5- Ropa de cuna y toallas:

Dependiendo de a dónde vayamos y el tiempo del bebé, a nosotros nos puede dar seguridad llevar nuestras propias sábanas de cuna y toallas. Por ejemplo si fuéramos a un hotel en el que sabemos que el tratamiento de lavado no será el mismo que le damos nosotros a su ropa en las coladas. También contaremos con las muselinas y las mantitas necesarias.

 

6- Para la hora de dormir:

  • Chupete si utiliza (siempre con repuesto), guarda chupetes y correas para sujeción
  • Dudú o trapito de apego que esté acostumbrado a utilizar en su cuna. Si vamos a sacarlo de su rutina y espacio es importante que se sienta a gusto y familiarizado con el ambiente.

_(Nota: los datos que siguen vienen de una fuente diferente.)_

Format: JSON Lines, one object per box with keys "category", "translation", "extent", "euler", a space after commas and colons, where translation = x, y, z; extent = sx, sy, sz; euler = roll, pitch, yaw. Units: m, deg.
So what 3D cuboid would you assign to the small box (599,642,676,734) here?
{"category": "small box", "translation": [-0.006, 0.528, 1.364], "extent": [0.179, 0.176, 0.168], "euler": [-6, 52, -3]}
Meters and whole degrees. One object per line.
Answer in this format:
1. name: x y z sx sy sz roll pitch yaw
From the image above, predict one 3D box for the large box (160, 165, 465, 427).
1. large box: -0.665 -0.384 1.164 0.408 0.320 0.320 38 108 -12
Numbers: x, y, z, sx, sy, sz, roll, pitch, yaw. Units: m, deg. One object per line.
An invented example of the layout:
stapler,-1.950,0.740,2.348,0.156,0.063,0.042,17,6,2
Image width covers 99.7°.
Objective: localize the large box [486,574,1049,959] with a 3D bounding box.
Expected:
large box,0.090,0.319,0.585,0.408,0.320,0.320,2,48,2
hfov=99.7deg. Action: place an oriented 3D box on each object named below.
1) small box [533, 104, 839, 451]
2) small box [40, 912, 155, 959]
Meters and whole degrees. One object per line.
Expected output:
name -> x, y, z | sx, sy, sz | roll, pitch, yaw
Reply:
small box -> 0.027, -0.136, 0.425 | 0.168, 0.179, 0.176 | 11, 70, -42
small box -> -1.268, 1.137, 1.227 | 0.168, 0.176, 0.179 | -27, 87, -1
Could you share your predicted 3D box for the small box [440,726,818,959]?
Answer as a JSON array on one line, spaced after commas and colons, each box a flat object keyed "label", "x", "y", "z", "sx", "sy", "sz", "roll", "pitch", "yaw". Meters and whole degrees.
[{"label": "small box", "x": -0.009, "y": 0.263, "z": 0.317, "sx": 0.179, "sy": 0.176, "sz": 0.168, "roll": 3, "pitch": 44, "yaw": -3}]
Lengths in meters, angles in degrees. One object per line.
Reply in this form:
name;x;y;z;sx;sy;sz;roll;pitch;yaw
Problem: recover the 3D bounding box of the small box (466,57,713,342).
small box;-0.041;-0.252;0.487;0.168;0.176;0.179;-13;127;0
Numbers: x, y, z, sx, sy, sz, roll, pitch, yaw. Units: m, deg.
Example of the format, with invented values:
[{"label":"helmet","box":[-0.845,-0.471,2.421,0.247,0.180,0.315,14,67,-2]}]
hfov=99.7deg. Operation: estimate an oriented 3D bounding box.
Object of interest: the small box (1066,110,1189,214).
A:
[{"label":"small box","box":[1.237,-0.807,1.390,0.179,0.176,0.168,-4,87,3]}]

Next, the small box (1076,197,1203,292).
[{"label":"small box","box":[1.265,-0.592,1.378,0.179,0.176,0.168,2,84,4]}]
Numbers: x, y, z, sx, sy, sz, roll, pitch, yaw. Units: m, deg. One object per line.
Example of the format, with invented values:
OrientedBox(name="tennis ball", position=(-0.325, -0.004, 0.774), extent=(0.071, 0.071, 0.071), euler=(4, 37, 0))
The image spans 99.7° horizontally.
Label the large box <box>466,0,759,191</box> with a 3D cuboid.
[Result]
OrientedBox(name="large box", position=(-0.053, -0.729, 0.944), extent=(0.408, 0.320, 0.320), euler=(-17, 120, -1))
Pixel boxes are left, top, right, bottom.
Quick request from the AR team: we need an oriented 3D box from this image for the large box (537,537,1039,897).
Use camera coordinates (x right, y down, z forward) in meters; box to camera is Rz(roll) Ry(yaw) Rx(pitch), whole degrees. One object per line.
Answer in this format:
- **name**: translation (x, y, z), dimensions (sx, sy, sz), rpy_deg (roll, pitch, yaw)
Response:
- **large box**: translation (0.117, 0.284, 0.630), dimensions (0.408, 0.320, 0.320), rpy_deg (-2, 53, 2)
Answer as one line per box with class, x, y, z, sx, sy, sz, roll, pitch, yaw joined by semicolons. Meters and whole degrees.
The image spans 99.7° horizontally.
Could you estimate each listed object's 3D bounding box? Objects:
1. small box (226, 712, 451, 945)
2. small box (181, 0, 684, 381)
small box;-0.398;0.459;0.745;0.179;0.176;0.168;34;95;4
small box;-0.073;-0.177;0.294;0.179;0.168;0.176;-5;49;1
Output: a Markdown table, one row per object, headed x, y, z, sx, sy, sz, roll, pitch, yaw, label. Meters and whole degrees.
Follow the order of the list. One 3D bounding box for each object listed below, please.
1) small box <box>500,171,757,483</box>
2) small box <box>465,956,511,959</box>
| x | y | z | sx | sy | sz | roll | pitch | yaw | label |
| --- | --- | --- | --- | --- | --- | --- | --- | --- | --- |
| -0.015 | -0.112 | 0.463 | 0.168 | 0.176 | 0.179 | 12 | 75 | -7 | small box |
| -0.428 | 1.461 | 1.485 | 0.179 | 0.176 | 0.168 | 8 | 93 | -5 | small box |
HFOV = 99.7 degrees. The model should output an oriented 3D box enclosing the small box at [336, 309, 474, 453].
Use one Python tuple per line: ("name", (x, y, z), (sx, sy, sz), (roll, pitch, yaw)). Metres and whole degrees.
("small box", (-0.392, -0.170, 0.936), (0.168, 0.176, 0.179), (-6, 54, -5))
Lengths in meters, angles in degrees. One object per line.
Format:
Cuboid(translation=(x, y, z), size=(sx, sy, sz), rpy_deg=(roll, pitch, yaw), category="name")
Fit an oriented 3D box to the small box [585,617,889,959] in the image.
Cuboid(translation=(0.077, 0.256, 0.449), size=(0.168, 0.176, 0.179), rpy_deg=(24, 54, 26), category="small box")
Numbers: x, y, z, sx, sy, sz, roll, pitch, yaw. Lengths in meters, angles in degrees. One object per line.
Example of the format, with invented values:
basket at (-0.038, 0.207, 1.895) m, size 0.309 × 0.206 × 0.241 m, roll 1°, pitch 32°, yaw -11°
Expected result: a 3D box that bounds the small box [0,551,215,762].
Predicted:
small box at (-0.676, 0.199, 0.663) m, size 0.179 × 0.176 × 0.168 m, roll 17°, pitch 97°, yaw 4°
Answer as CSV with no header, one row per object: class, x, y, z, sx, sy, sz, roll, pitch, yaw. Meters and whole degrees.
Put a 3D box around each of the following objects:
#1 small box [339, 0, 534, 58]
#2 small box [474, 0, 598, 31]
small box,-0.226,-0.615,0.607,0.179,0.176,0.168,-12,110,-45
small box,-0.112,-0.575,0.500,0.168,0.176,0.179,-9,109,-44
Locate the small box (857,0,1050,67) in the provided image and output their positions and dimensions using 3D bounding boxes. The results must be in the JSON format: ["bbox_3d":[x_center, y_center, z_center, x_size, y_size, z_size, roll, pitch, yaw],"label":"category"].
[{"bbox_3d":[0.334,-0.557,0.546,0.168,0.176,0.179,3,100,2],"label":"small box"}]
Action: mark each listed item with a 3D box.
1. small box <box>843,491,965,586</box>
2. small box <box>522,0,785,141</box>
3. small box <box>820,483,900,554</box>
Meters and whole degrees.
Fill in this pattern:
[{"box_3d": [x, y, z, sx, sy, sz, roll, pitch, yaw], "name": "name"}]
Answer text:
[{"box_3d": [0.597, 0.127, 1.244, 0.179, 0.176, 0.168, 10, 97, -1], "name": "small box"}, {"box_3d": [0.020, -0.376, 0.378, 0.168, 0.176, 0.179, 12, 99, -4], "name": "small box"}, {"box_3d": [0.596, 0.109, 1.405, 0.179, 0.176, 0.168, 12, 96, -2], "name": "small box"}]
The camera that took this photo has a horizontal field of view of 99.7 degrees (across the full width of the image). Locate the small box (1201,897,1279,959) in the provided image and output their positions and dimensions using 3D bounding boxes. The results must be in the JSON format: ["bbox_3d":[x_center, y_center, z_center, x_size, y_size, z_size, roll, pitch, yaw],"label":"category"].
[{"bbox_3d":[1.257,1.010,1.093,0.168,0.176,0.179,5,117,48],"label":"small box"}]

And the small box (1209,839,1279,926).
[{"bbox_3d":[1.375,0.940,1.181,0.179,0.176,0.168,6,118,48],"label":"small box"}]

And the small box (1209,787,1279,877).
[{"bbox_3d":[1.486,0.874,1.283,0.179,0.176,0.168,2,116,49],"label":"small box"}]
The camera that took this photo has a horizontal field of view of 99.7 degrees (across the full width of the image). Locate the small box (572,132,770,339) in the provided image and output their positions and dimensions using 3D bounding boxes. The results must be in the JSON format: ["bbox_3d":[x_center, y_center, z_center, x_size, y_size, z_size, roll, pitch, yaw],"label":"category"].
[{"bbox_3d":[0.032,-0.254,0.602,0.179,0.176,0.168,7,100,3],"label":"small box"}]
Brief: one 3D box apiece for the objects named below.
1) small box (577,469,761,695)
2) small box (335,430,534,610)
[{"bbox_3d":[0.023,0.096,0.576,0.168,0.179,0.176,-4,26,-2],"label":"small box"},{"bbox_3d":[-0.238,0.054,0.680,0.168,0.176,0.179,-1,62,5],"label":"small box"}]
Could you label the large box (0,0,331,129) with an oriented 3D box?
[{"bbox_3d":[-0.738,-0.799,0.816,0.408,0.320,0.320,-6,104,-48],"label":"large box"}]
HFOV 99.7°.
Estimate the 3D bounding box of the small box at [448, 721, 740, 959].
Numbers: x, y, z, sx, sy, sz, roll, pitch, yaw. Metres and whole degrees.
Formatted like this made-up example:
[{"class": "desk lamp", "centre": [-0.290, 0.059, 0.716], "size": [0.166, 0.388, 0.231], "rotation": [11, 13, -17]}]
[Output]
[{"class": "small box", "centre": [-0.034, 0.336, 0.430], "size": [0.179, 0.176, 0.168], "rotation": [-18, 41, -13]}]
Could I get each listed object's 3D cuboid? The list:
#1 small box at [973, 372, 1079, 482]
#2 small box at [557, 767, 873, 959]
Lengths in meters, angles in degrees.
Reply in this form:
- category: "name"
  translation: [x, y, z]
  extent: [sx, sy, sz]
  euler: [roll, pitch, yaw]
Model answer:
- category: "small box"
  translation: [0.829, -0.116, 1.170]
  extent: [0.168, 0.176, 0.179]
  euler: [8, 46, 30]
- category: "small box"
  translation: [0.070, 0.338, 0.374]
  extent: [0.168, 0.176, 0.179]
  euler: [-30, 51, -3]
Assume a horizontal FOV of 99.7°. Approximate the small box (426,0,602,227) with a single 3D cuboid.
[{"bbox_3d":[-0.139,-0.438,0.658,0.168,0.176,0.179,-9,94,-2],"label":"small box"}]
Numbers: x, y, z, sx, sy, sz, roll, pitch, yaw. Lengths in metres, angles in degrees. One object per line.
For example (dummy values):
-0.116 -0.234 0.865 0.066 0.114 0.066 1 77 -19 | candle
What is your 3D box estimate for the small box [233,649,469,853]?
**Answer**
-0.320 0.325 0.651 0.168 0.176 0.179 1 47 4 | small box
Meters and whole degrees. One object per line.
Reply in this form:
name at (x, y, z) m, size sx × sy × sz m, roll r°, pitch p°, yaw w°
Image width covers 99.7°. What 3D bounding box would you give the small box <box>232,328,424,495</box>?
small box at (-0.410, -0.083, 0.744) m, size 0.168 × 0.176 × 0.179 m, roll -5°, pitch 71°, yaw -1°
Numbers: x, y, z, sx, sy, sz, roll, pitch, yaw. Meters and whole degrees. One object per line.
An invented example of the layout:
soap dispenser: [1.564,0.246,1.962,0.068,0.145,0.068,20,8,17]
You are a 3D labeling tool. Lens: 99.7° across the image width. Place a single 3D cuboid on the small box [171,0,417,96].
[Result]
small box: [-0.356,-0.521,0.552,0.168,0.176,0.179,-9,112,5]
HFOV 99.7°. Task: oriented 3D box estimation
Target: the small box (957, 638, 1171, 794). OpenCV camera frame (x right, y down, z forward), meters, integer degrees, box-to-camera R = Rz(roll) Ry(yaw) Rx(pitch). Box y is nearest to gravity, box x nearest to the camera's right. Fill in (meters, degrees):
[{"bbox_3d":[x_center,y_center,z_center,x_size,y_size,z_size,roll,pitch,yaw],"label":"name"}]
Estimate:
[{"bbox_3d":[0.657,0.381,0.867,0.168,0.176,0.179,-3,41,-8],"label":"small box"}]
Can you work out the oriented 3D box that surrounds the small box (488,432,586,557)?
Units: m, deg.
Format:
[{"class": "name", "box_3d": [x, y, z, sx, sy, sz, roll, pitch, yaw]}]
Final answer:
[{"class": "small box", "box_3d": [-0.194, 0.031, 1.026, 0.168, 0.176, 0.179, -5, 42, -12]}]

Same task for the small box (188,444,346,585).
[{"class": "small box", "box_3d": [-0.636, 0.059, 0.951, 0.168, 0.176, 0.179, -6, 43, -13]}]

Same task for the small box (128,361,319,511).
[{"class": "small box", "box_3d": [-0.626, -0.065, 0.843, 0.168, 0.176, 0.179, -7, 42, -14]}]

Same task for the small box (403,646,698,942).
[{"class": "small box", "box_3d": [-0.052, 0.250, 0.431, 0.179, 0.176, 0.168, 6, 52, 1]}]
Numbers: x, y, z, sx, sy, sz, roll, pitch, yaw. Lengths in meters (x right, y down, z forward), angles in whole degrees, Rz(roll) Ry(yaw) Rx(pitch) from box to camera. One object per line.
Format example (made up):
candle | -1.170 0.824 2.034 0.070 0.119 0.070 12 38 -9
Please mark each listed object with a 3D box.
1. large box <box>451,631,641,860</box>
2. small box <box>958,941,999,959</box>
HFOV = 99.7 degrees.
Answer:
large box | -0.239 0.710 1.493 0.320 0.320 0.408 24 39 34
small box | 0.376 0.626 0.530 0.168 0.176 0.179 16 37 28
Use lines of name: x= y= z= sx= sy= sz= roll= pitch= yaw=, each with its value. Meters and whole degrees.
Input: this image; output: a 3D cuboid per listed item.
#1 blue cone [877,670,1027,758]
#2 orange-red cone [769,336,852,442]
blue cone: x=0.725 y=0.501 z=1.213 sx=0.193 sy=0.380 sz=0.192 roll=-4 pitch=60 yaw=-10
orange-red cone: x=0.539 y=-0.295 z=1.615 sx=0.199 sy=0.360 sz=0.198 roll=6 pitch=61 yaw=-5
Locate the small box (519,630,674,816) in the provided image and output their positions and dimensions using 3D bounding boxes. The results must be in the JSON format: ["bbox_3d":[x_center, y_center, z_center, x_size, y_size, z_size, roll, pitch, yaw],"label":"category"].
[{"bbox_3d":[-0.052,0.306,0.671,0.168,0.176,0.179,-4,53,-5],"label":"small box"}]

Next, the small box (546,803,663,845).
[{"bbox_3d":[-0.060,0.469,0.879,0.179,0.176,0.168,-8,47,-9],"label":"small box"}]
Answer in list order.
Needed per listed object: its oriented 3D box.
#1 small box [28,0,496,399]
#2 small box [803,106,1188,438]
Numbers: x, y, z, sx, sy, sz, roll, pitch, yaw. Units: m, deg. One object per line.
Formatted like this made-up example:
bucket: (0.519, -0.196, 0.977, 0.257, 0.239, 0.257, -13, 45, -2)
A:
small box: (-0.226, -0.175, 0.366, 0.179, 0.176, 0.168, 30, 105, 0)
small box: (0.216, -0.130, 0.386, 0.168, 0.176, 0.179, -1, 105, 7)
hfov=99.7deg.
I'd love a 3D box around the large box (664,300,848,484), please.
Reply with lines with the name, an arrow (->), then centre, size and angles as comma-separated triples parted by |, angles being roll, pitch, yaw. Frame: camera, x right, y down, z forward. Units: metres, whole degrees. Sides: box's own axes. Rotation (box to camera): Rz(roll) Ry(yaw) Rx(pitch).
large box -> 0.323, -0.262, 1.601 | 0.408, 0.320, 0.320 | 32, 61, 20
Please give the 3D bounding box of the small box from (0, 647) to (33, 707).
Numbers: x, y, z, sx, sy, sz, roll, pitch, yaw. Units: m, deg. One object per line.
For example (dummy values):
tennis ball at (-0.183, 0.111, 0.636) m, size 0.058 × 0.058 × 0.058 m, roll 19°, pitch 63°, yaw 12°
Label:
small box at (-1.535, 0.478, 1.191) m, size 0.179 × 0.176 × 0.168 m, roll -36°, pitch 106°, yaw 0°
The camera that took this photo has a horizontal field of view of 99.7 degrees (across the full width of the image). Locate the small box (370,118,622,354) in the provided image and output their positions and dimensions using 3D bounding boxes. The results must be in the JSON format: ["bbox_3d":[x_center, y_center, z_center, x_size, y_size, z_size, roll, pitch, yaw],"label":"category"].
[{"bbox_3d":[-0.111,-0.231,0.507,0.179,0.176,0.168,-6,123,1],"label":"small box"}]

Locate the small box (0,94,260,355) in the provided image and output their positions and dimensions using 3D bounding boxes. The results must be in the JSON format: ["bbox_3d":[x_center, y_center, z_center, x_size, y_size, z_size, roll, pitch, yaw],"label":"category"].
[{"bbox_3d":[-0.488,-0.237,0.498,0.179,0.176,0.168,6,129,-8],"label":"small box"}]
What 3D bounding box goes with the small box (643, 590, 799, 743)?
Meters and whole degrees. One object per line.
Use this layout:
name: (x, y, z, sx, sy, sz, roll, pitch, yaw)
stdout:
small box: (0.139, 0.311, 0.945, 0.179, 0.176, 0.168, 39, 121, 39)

Un peluche o hasta un cojincito pueden ayudarlo mucho a relajarse.

 

7- Para las comidas:

Siempre teniendo en cuenta el proceso de alimentación del bebé debemos contemplar:

  • Biberones (sea para leche o agua) con su escobilla para lavar, sus tetinas (siempre con repuesto) y tapas.
  • Dosificadores de leche o cereal.
  • Leche maternizada y cereales en polvo (si consumimos estos alimentos) calculada en función a los días que estaremos en destino
  • Cucharita y pote dosificador para fruta o papilla y/o plato.
  • Cualquier utensilio fácil de transportar que nos permita cumplir con su alimentación.

 

8- Otros opcionales:

  • Radio o monitor: para momentos en los que el bebé duerme y nosotros estamos en otro ambiente
  • Juguetes que utilice para calmarse, entretenerse normalmente o morder
  • Trona de viaje.

 

Así a simple vista y en una lista puede parecer una locura llevar todo eso pero obviando los pañales (en función a los días en los que nos alojemos en destino) todo cabe perfectamente en una maleta pequeña de cabina, todo es de un tamaño reducido y podemos llevarlo sin problema. En el caso de los pañales (y quizás insumos como leche maternizada o cereal)  deberíamos planificarlo en función al destino y a una posible compra el primer o segundo día. En este caso solo debemos llevar para cubrir hasta poder acudir al supermercado o farmacia.